The Deep Learning Lab at RPTU

Recent Publications

  • Khan et al. (2023). Learning Attention Propagation for Compositional Zero-Shot Learning. WACV. Compositional zero-shot learning aims to recognize unseen compositions of seen visual primitives of object classes and their states. While all primitives (states and objects) are observable during training in some combination, their complex interaction makes this task especially hard. For example, wet changes the visual appearance of a dog very differently from a bicycle. Furthermore, we argue that relationships between compositions go beyond shared states or objects. A cluttered office can contain a busy table; even though these compositions don't share a state or object, the presence of a busy table can guide the presence of a cluttered office. We propose a novel method called Compositional Attention Propagated Embedding (CAPE) as a solution. The key intuition to our method is that a rich dependency structure exists between compositions arising from complex interactions of primitives in addition to other dependencies between compositions. CAPE learns to identify this structure and propagates knowledge between them to learn class embedding for all seen and unseen compositions. In the challenging generalized compositional zero-shot setting, we show that our method outperforms previous baselines to set a new state-of-the-art on three publicly available benchmarks.
  • Hashmi et al. (2023). BoxMask: Revisiting Bounding Box Supervision for Video Object Detection. WACV. We present a new, simple yet effective approach to uplift video object detection. We observe that prior works operate on instance-level feature aggregation that imminently neglects the refined pixel-level representation, resulting in confusion among objects sharing similar appearance or motion characteristics. To address this limitation, we pro-pose BoxMask, which effectively learns discriminative representations by incorporating class-aware pixel-level information. We simply consider bounding box-level annotations as a coarse mask for each object to supervise our method. The proposed module can be effortlessly integrated into any region-based detector to boost detection. Extensive experiments on ImageNet VID and EPIC KITCHENS datasets demonstrate consistent and significant improvement when we plug our BoxMask module into numerous recent state-of-the-art methods.
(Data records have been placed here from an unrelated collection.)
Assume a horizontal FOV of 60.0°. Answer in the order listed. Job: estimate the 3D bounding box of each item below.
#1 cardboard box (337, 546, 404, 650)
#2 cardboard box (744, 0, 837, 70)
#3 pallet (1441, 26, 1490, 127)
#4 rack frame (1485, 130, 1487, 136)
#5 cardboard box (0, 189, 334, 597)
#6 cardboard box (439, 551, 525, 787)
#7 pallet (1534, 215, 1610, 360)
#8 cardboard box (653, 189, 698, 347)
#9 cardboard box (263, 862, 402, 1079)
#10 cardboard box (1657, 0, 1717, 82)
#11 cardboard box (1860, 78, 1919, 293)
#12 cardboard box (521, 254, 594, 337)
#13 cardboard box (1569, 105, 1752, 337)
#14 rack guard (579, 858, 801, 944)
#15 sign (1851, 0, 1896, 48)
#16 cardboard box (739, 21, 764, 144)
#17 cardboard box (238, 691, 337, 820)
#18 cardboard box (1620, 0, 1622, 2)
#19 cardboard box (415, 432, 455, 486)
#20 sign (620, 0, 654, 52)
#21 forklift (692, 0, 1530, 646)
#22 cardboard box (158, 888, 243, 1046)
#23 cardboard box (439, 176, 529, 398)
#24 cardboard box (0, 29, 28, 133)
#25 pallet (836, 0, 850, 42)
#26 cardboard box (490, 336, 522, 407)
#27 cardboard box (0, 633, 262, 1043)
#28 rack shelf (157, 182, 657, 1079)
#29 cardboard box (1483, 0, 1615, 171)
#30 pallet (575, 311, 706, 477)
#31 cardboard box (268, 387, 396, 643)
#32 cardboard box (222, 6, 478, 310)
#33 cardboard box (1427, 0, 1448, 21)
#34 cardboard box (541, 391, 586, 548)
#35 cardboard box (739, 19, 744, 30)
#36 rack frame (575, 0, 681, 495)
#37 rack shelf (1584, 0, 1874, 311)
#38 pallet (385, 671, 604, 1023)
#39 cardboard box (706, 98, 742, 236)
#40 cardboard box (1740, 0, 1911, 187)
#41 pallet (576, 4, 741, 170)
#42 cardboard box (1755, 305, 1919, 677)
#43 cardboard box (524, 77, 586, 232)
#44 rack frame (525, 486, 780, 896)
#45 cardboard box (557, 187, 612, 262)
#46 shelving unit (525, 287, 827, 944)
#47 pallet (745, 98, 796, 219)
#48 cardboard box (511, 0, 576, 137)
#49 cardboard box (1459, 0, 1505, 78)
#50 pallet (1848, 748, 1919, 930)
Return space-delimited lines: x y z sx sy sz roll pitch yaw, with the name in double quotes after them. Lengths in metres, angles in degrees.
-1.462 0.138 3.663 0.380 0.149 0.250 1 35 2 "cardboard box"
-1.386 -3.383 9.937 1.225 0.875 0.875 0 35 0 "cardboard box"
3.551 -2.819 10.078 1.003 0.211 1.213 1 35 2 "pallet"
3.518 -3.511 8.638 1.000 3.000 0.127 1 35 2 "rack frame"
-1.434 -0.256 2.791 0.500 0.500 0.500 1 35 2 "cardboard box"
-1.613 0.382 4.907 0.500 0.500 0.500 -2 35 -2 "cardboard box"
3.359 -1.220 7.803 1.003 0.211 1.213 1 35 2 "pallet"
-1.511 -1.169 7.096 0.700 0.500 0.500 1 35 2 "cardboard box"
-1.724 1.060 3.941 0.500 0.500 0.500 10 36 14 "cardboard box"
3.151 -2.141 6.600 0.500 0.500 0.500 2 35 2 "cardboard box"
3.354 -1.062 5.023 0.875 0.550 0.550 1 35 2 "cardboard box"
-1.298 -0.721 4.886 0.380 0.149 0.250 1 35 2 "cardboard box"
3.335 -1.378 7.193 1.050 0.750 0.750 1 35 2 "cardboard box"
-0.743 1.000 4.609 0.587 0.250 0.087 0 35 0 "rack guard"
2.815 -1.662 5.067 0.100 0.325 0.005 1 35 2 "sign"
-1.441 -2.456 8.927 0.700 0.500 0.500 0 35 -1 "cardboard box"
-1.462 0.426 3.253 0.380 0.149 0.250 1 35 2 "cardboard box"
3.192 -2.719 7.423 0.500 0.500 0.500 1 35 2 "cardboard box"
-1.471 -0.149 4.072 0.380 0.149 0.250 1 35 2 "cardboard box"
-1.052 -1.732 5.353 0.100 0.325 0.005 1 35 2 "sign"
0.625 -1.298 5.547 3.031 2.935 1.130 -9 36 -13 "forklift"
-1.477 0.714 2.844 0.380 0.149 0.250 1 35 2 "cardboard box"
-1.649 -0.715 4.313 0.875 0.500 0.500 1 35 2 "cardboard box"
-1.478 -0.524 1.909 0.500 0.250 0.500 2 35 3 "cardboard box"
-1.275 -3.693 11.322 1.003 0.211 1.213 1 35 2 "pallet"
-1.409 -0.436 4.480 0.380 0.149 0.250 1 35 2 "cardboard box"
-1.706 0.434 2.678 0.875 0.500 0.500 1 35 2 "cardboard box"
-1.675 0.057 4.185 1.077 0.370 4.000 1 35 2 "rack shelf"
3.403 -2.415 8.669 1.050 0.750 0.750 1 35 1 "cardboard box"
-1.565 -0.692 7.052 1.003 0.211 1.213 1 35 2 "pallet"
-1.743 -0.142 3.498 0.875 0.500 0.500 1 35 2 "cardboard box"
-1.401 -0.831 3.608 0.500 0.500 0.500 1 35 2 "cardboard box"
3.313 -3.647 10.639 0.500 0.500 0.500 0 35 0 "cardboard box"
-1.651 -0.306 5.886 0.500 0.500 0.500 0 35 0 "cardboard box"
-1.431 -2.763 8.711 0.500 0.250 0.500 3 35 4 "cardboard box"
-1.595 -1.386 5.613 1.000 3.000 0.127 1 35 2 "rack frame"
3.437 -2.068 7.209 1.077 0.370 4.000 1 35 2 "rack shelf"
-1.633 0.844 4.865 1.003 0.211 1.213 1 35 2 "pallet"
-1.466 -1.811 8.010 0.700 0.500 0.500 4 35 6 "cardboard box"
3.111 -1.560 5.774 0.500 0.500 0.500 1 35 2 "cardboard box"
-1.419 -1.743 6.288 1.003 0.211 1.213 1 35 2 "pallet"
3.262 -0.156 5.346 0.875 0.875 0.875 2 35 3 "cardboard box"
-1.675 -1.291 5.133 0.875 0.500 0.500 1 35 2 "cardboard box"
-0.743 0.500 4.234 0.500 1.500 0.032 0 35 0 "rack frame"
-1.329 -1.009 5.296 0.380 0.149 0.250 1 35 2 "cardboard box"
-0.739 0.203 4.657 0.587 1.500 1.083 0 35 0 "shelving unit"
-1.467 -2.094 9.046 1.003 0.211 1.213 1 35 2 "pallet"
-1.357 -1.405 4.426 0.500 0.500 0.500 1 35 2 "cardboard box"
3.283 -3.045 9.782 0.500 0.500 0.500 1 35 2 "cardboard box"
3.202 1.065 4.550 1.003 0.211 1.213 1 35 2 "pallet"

The code will be available at https://github. com/khurramHashmi/BoxMask.
  • Hussain et al. (2023). Development of Cost-Effective and Easily Replicable Robust Weeding Machine—Premiering Precision Agriculture in Pakistan. Machines. Weed management has become a highly labor-intensive activity, which is the reason for decreased yields and high costs. Moreover, the lack of skilled labor and weed-resistant herbicides severely impact the agriculture sector and food production, hence increasing the need for automation in agriculture. The use of agricultural robots will help in the assurance of higher yields and proactive control of the crops. This study proposes a laser-based weeding vehicle with a unique mechanical body that is adjustable relative to the field structure, called the Robot Operating System (ROS) based robust control system, and is customizable, cost-effective and easily replicable. Hence, an autonomous-mobile-agricultural robot with a 20 watt laser has been developed for the precise removal of weed plants. The assembled robot's testing was conducted in the agro living lab. The field trials have demonstrated that the robot takes approximately 23.7 h at the linear velocity of 0.07 m/s for the weeding of one acre plot. It includes 5 s of laser to kill one weed plant. Comparatively, the primitive weeding technique is highly labor intensive and takes several days to complete an acre plot area. The data presented herein reflects that implementing this technology could become an excellent approach to removing unwanted plants from agricultural fields. This solution is relatively cost-efficient and provides an alternative to expensive human labor initiatives to deal with the increased labor wages.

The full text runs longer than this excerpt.